Les communautés de pêche artisanale sont menacées par un grave déclin des populations de poissons, causé en grande partie par des pratiques non durables et destructrices de l’environnement des chalutiers contrôlés essentiellement par des acteurs étrangers originaires de l’Union européenne et de la Chine, accuse la Fondation pour la justice environnementale (EJF) dans un rapport publié le 26 octobre dernier.
Intitulé «Au point de rupture : comment le chalutage de fond précipite l’effondrement de la pêche artisanale au Sénégal», le rapport de la Fondation pour la Justice environnementale s’appuie sur des entretiens menés entre septembre 2022 et mai 2023 auprès de différents acteurs des communautés de pêche artisanale, du secteur industriel et du gouvernement, ainsi que sur des recherches documentaires et des analyses de données. 65 % des pêcheurs artisanaux interrogés déclarent gagner moins aujourd’hui qu’il y a cinq ans.
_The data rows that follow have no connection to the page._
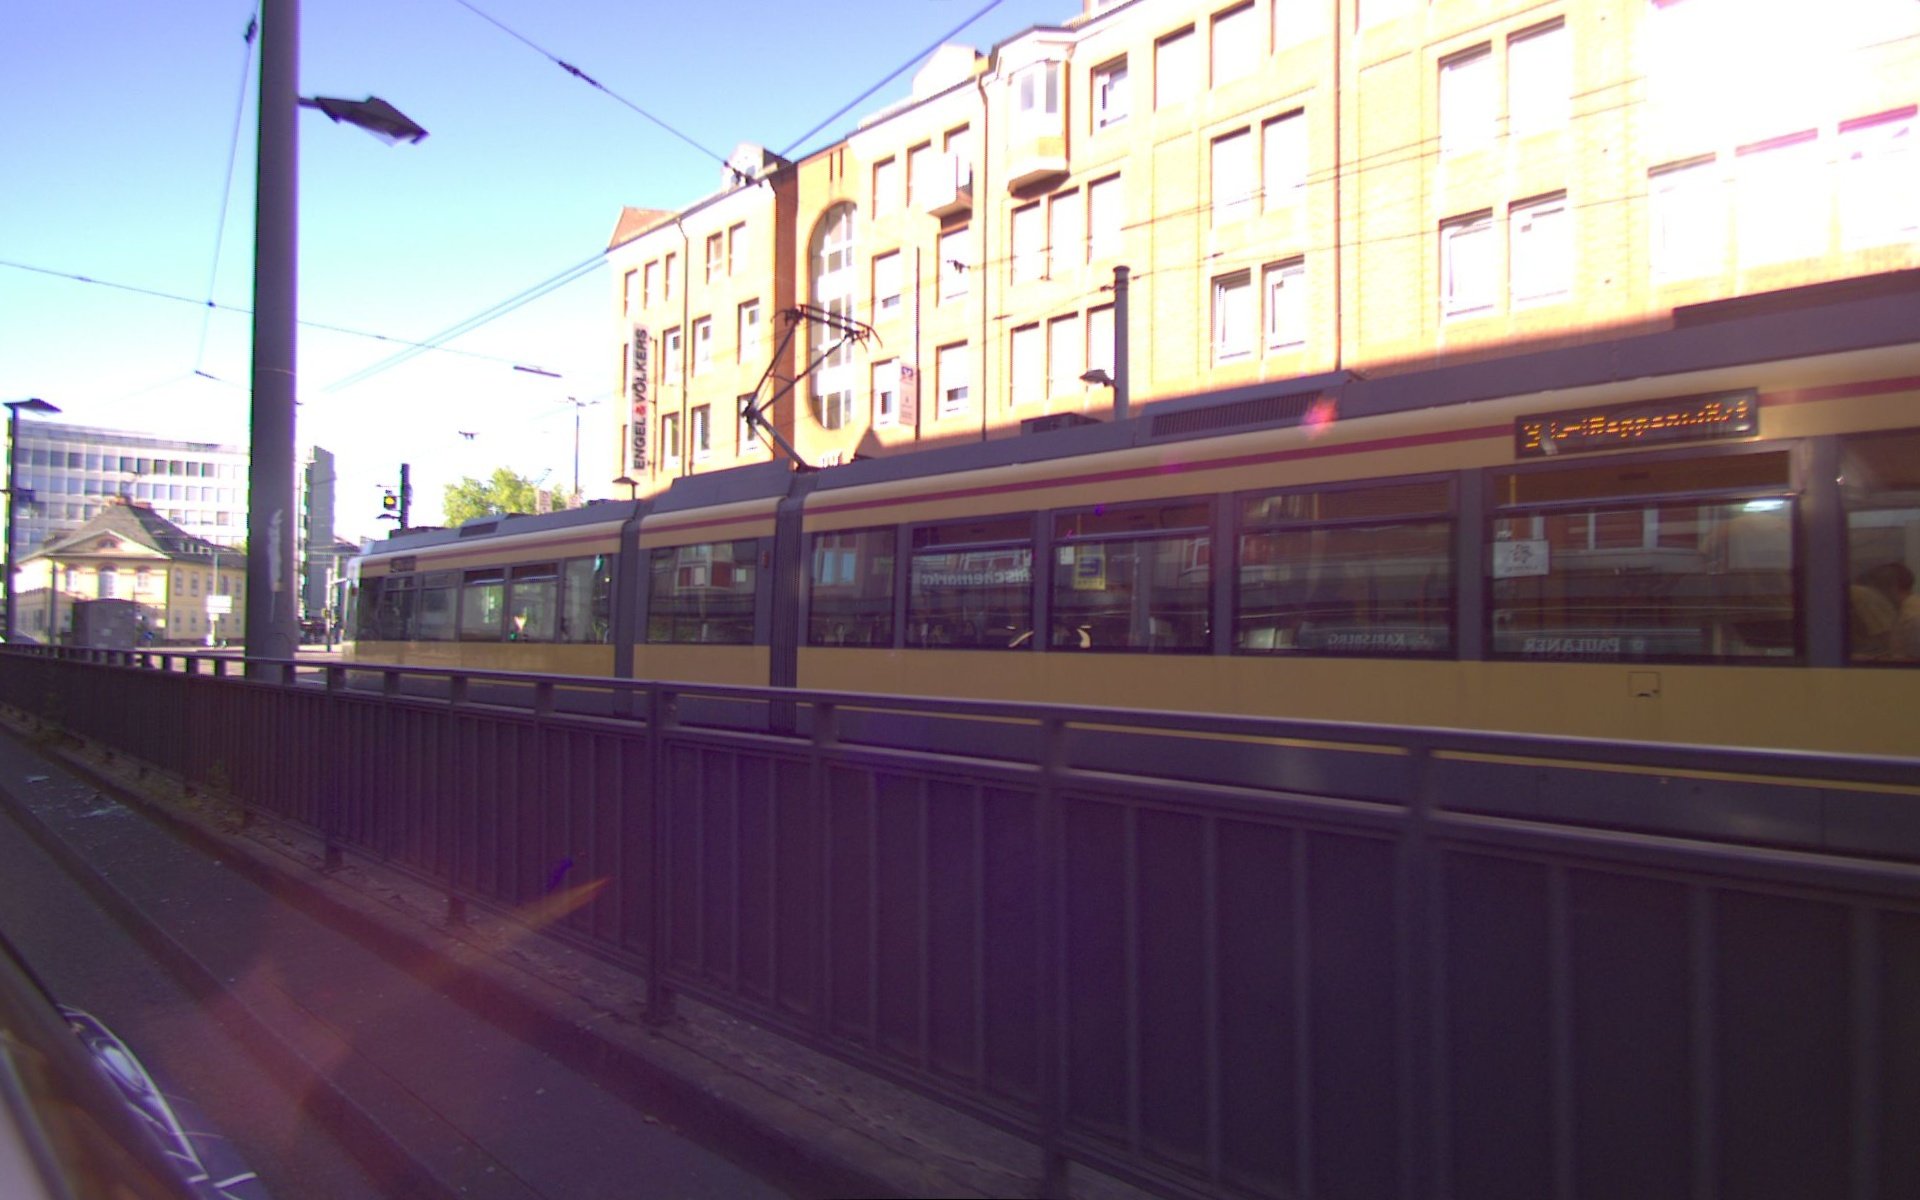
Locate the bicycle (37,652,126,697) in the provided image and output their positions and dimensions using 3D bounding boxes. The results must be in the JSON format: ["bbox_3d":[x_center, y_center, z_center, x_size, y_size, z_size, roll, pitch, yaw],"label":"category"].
[{"bbox_3d":[-21.449,1.803,24.740,0.417,1.041,1.573,-1,-2,35],"label":"bicycle"}]

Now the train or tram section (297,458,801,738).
[{"bbox_3d":[-8.633,0.102,19.068,13.939,3.672,2.942,-2,-1,42],"label":"train or tram section"}]

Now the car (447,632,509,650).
[{"bbox_3d":[-38.548,3.284,81.010,1.926,1.369,4.077,-1,-2,34],"label":"car"}]

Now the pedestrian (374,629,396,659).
[{"bbox_3d":[-39.667,3.008,69.823,1.092,2.029,1.217,-1,0,-18],"label":"pedestrian"}]

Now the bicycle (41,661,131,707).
[{"bbox_3d":[-21.087,2.021,24.449,0.417,1.029,1.573,-1,-2,35],"label":"bicycle"}]

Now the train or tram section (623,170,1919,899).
[{"bbox_3d":[2.678,-0.209,9.019,16.479,3.672,2.942,-2,-1,42],"label":"train or tram section"}]

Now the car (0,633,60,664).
[{"bbox_3d":[-46.671,2.346,49.313,3.946,1.516,1.998,0,-2,2],"label":"car"}]

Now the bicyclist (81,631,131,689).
[{"bbox_3d":[-21.086,1.457,24.984,0.899,1.391,0.741,-1,-2,36],"label":"bicyclist"}]

Une grande majorité d’entre eux fait par ailleurs état d’une baisse importante des captures au cours des cinq dernières années. 76,5 % affirment avoir pris «beaucoup moins» ou «moins» de poissons pendant la saison sèche qu’il y a cinq ans, et 65 % déclarent être «très souvent» ou «souvent» revenus d’une sortie sans aucune capture au cours de la dernière saison sèche.
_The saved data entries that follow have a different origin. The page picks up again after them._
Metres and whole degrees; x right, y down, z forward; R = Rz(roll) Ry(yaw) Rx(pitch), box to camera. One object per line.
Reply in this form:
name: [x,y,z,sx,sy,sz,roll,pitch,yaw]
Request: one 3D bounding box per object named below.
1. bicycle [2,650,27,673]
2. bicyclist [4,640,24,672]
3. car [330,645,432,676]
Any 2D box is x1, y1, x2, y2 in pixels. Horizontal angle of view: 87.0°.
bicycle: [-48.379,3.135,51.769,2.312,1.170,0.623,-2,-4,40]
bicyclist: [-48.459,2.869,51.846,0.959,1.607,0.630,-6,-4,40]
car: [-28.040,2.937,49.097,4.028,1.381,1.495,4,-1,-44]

Cette tendance s’aggrave pendant la saison des pluies, durant laquelle 88 % des personnes interrogées ont précisé avoir pêché moins de poissons et 70,5 % ont déclaré être souvent revenus d’une sortie sans avoir pêché quoi que ce soit.
Le déclin des ressources pousse les pêcheurs à naviguer plus loin, à passer plus de temps en mer et à y courir des risques plus importants, à la recherche de poissons à pêcher. 88 % des personnes interrogées ont révélé avoir dû changer de zones de pêche au cours des dernières années.
Le rapport révèle d’autre part que l’ensemble des acteurs de la pêche artisanale voient leurs conditions de vie se détériorer : 65% des pêcheurs, 86% des transformatrices artisanales et 100% des mareyeurs ont déclaré avoir plus de difficultés à nourrir leur famille. En outre, 88% des pêcheurs, 93% des transformatrices et 100% des mareyeurs ont déclaré avoir un accès plus limité au poisson pour leur propre consommation.
Par ailleurs, les pêcheurs artisanaux sont confrontés aux incursions illégales des chalutiers dans les zones réservées à la pêche artisanale, ce qui engendre souvent la destruction fréquente des engins de pêche.
Cette crise du secteur de la pêche artisanale au Sénégal, explique largement les vagues actuelles de tentatives de migrations de ces pêcheurs vers les îles Canaries d’où ils espèrent gagner l’Europe continentale.